The province's rate-escalation strategy is a logical response to flat revenues — if the base were stable. It isn't. Several downstream effects are already in motion or predictable with reasonable confidence:

  • Bare-trust restructuring and spousal-transfer filings will surge ahead of the 2027 implementation date as the 4% rate becomes real to foreign holders who haven't yet acted.
  • The provincial collections unit will likely accelerate hiring to address the backlog, but will clear accounts too late to attach liens on properties that have already transferred.
  • Vancouver presale developers are quietly repricing foreign-buyer inventory assumptions in 2026 pro formas, given the compressed buyer pool.
  • CRA garnishment attempts on non-resident accounts will trigger cross-border legal disputes that extend collection timelines further.
  • City of Vancouver auditors, watching the SVT audit findings, are tightening EHT compliance architecture to avoid replicating the provincial model's gaps.

The open question BC Budget 2026 doesn't answer: how much SVT revenue has been formally written off as bad debt since 2018? The audit doesn't say. The ministry hasn't published that figure. Until it does, the $550 million cumulative total is a gross number, not a net one.

The EHT Did What the SVT Couldn't — Here's the Difference

The City of Vancouver's Empty Homes Tax is the control case. $194.3 million raised since 2017. Vacancy rates at historic lows. A declaration system tight enough that non-compliance is detectable at the parcel level, enforced by a municipal bureaucracy with direct access to utility records, business licence data, and rental registry filings.

The SVT tried to replicate that model across 59 communities with provincial-scale bureaucracy and a collections framework built for a different asset class. The audit is the result.

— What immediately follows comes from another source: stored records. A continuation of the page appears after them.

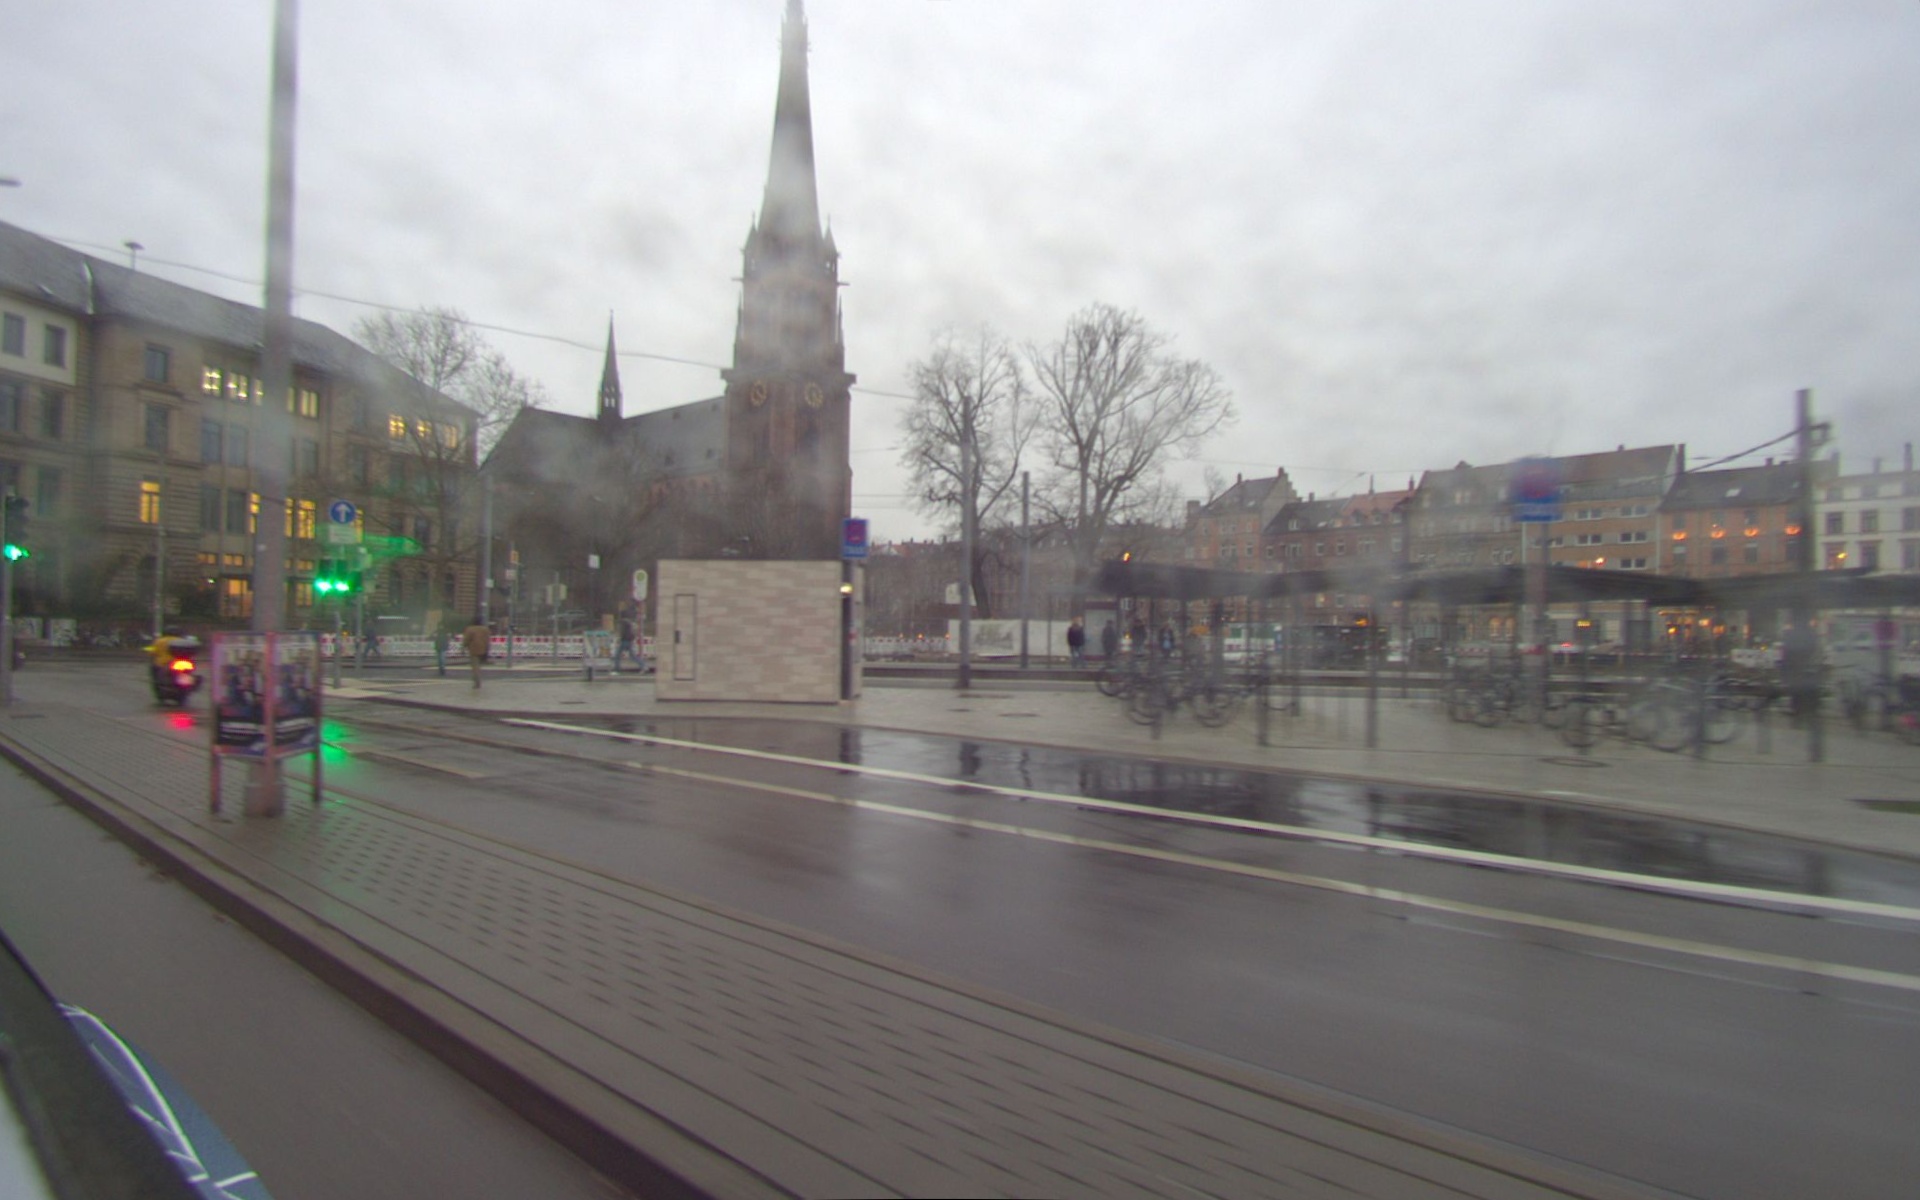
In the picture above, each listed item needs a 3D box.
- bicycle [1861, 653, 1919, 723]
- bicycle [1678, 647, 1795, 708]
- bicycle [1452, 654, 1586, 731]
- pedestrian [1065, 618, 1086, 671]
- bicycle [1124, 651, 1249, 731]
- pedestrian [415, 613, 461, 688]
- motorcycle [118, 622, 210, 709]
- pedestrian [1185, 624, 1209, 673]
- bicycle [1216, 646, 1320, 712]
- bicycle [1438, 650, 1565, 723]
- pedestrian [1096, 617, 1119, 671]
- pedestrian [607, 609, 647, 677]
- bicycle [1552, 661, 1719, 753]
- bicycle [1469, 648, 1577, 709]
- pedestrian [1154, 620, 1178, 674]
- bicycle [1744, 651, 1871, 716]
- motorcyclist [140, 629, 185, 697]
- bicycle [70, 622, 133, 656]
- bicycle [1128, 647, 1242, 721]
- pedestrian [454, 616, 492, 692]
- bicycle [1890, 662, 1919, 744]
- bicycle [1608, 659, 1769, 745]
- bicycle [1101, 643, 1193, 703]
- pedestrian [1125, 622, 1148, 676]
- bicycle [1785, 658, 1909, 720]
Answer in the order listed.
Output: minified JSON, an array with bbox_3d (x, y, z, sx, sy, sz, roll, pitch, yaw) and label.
[{"bbox_3d":[17.379,1.581,18.067,1.879,1.174,0.548,1,0,12],"label":"bicycle"},{"bbox_3d":[16.317,1.621,21.297,1.879,1.174,0.548,1,0,12],"label":"bicycle"},{"bbox_3d":[9.388,1.538,17.050,1.879,1.174,0.548,1,0,12],"label":"bicycle"},{"bbox_3d":[3.982,1.518,34.930,0.709,1.770,0.713,1,0,7],"label":"pedestrian"},{"bbox_3d":[3.617,1.444,16.269,1.922,1.174,0.548,1,0,12],"label":"bicycle"},{"bbox_3d":[-17.055,1.621,33.068,1.062,2.388,0.984,1,1,36],"label":"pedestrian"},{"bbox_3d":[-14.739,1.172,18.711,2.312,1.509,0.821,-1,-2,40],"label":"motorcycle"},{"bbox_3d":[8.107,1.644,34.654,0.709,1.630,0.713,1,0,7],"label":"pedestrian"},{"bbox_3d":[5.964,1.518,19.684,1.879,1.174,0.548,1,0,12],"label":"bicycle"},{"bbox_3d":[9.525,1.513,17.860,1.879,1.174,0.548,1,0,12],"label":"bicycle"},{"bbox_3d":[5.071,1.517,34.803,0.709,1.820,0.713,1,0,7],"label":"pedestrian"},{"bbox_3d":[-9.115,1.165,27.714,0.817,1.827,0.602,1,0,12],"label":"pedestrian"},{"bbox_3d":[9.527,1.499,14.331,1.879,1.174,0.548,1,0,12],"label":"bicycle"},{"bbox_3d":[11.837,1.636,21.308,1.879,1.174,0.548,1,0,12],"label":"bicycle"},{"bbox_3d":[7.031,1.595,34.559,0.709,1.820,0.713,1,0,7],"label":"pedestrian"},{"bbox_3d":[16.749,1.640,20.034,1.879,1.174,0.548,1,0,12],"label":"bicycle"},{"bbox_3d":[-14.720,1.151,18.676,0.610,1.202,0.530,1,1,40],"label":"motorcyclist"},{"bbox_3d":[-43.643,1.968,51.477,2.388,1.701,0.715,0,1,-33],"label":"bicycle"},{"bbox_3d":[3.860,1.425,17.439,1.879,1.174,0.548,1,0,12],"label":"bicycle"},{"bbox_3d":[-11.093,1.209,23.058,0.663,1.686,0.732,1,0,-18],"label":"pedestrian"},{"bbox_3d":[15.179,1.558,15.107,1.879,1.174,0.548,1,0,12],"label":"bicycle"},{"bbox_3d":[10.910,1.514,15.207,1.879,1.174,0.548,1,0,12],"label":"bicycle"},{"bbox_3d":[3.924,1.527,21.284,1.879,1.174,0.548,1,0,12],"label":"bicycle"},{"bbox_3d":[6.027,1.662,34.527,0.709,1.820,0.713,1,0,7],"label":"pedestrian"},{"bbox_3d":[18.280,1.816,20.896,1.879,1.174,0.548,1,0,12],"label":"bicycle"}]

BC's opposition finance critic Peter Milobar has called for the SVT to be scrapped entirely, citing the audit as evidence the tax isn't collecting revenues as promised. The BC Chamber of Commerce has pushed for reform that would limit the tax to foreign owners only and require transparent municipal-level revenue reporting. Neither position is likely to move the NDP government before the 2027 rate hike takes effect.

What's more likely: BC Budget 2027 quietly revises the $184 million revenue projection downward when the actual 2026 tax year declarations come in and the foreign-owner pool turns out to have shrunk again. The SVT was always a behaviour-change tax dressed up as a revenue tax. It changed the behaviour. Now the government is raising rates to chase a base it already largely displaced — and the five-year backlog is the administrative receipt for that miscalculation.